B. He will not, and will not permit any company, trust or
other entity controlled by him, to (i) contract to sell, sell or
otherwise transfer or dispose of any of the Shares or any interest
therein or options or securities convertible thereinto or any voting
rights with respect thereto, other than pursuant to the Merger, unless
the proposed transferee and UHS enter into a letter agreement with
Holdings and Merger Sub identical to this letter agreement concurrently
with such proposed transfer, or (ii) take any action which would make any
representation or warranty made by him in this Agreement untrue or
incorrect.
C. He will, and will cause any company, trust or other
entity controlled by him to, cooperate fully with you in connection with
the Merger Agreement and the transactions contemplated thereby. He will
not, and will not permit any such company, trust or other entity to,
directly or indirectly (including through its officers, directors,
employees or other representatives) solicit, initiate, encourage or
facilitate, or furnish or disclose non-public information in furtherance
of, any inquiries or the making of any proposal with respect to any
recapitalization, merger, consolidation or other business combination
involving UHS, or acquisition of any capital stock or any material
portion of the assets of UHS, or any combination of the foregoing (a
"Competing Transaction"), or negotiate, explore or otherwise engage in
discussions with any person (other than Holdings, Merger Sub or their
respective directors, officers, employees, agents and representatives)

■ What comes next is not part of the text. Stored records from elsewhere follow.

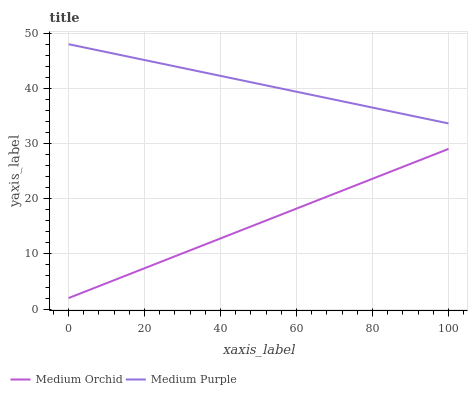Does Medium Orchid have the minimum area under the curve?
Answer yes or no. Yes. Does Medium Purple have the maximum area under the curve?
Answer yes or no. Yes. Does Medium Orchid have the maximum area under the curve?
Answer yes or no. No. Is Medium Orchid the smoothest?
Answer yes or no. Yes. Is Medium Purple the roughest?
Answer yes or no. Yes. Is Medium Orchid the roughest?
Answer yes or no. No. Does Medium Orchid have the lowest value?
Answer yes or no. Yes. Does Medium Purple have the highest value?
Answer yes or no. Yes. Does Medium Orchid have the highest value?
Answer yes or no. No. Is Medium Orchid less than Medium Purple?
Answer yes or no. Yes. Is Medium Purple greater than Medium Orchid?
Answer yes or no. Yes. Does Medium Orchid intersect Medium Purple?
Answer yes or no. No. 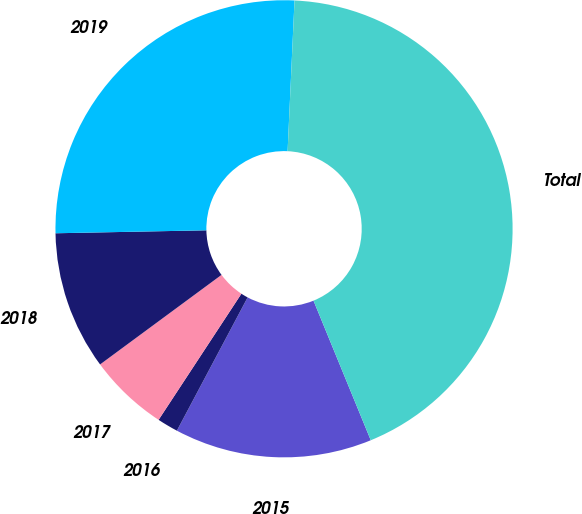Convert chart. <chart><loc_0><loc_0><loc_500><loc_500><pie_chart><fcel>2015<fcel>2016<fcel>2017<fcel>2018<fcel>2019<fcel>Total<nl><fcel>13.96%<fcel>1.48%<fcel>5.64%<fcel>9.8%<fcel>26.04%<fcel>43.07%<nl></chart> 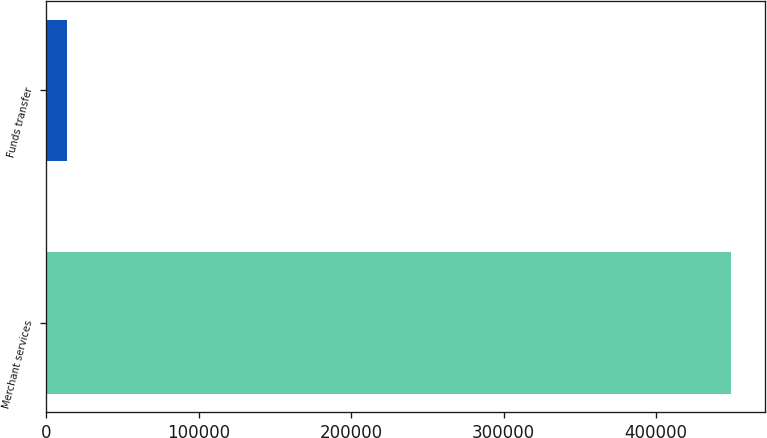Convert chart to OTSL. <chart><loc_0><loc_0><loc_500><loc_500><bar_chart><fcel>Merchant services<fcel>Funds transfer<nl><fcel>449144<fcel>13682<nl></chart> 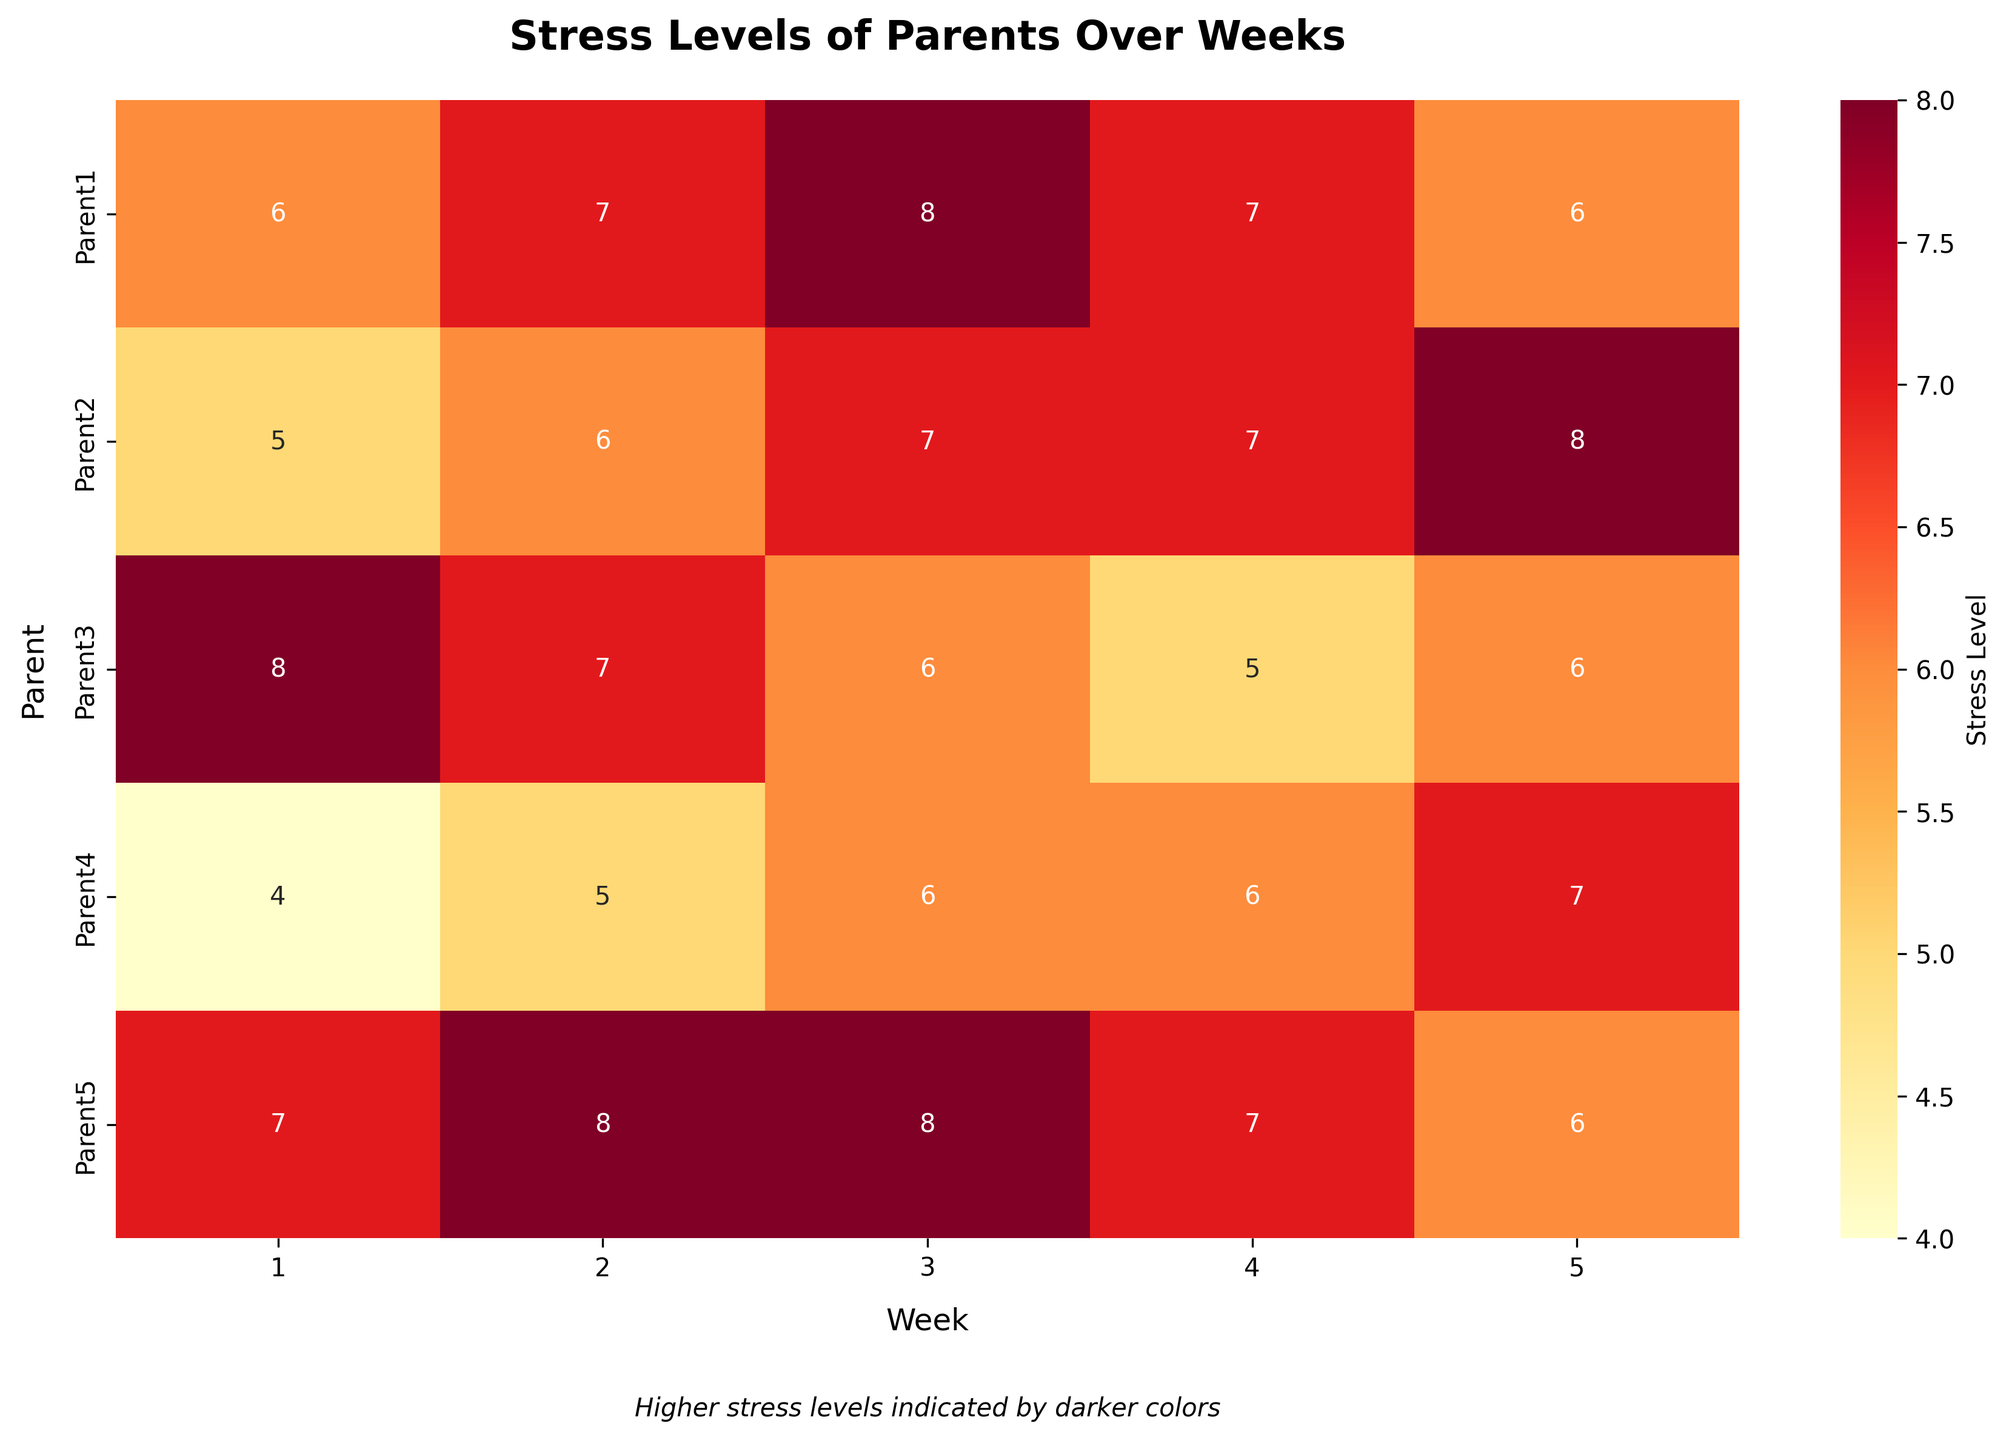What is the highest stress level recorded across all parents and weeks? To find the highest stress level, look at the numbers in the heatmap. The darkest colors represent the highest stress. The highest number observed is 8.
Answer: 8 Which parent had the most consistent stress levels over the five weeks? Consistency can be observed through comparing the variability of stress levels for each parent across the weeks. Parent3’s stress levels (8, 7, 6, 5, 6) vary in a more consistent and gradual manner than others.
Answer: Parent3 What is the average stress level for Parent1 over the weeks? Calculate the average of Parent1's stress levels: (6 + 7 + 8 + 7 + 6)/5 = 34/5.
Answer: 6.8 Which week shows the highest stress level on average across all parents? To find this, average the stress levels for each week: 
Week 1: (6 + 5 + 8 + 4 + 7)/5 = 6 
Week 2: (7 + 6 + 7 + 5 + 8)/5 = 6.6 
Week 3: (8 + 7 + 6 + 6 + 8)/5 = 7 
Week 4: (7 + 7 + 5 + 6 + 7)/5 = 6.4 
Week 5: (6 + 8 + 6 + 7 + 6)/5 = 6.6. 
Week 3 has the highest average stress level.
Answer: Week 3 Which parent experienced the highest reduction in stress level from the first to the fifth week? Calculate the difference in stress levels between Week1 and Week5 for each parent: 
Parent1: 6 - 6 = 0, 
Parent2: 5 - 8 = -3, 
Parent3: 8 - 6 = 2, 
Parent4: 4 - 7 = -3, 
Parent5: 7 - 6 = 1. 
Although Parent2 and Parent4 had reductions, they had negative values, indicating an increase. Parent3 had the highest reduction with a value of 2.
Answer: Parent3 In which week is Parent4’s stress level the lowest? Locate Parent4’s stress levels on the heatmap across the weeks. The lowest value among (4, 5, 6, 6, 7) is 4, which occurs in Week 1.
Answer: Week 1 Which parent had the highest stress level during Week 4? Compare the stress levels of all parents for Week 4. Parent5 and Parent1 both have a value of 7, showing the highest stress level.
Answer: Parent1 and Parent5 How many parents have a stress level of 6 in Week 3? Look at Week 3 column; stress level 6 appears for Parent3 and Parent4, totaling 2 parents.
Answer: 2

with respect to any Competing Transaction or enter into any agreement,
arrangement or understanding with respect to any Competing Transaction or
agree to or otherwise assist in the effectuation of any Competing
Transaction; provided, however, that nothing herein shall restrict him
from taking any action in his capacity as an officer or director of UHS
that he is permitted to take in such capacity under the Merger Agreement.
D. He will, and will cause any company, trust or other
entity controlled by him to, vote all of the Shares beneficially owned or
controlled by him at the record date for any meeting of shareholders of
UHS at which the Merger, the Merger Agreement and/or the transactions
contemplated thereby are considered, in favor of the Merger, the Merger
Agreement and the transactions contemplated thereby, and neither he nor
any company, trust or other entity controlled by him will vote any of the
Shares (or grant any proxy with respect to any of the Shares) in favor of
any Competing Transaction at any meeting of the shareholders of UHS.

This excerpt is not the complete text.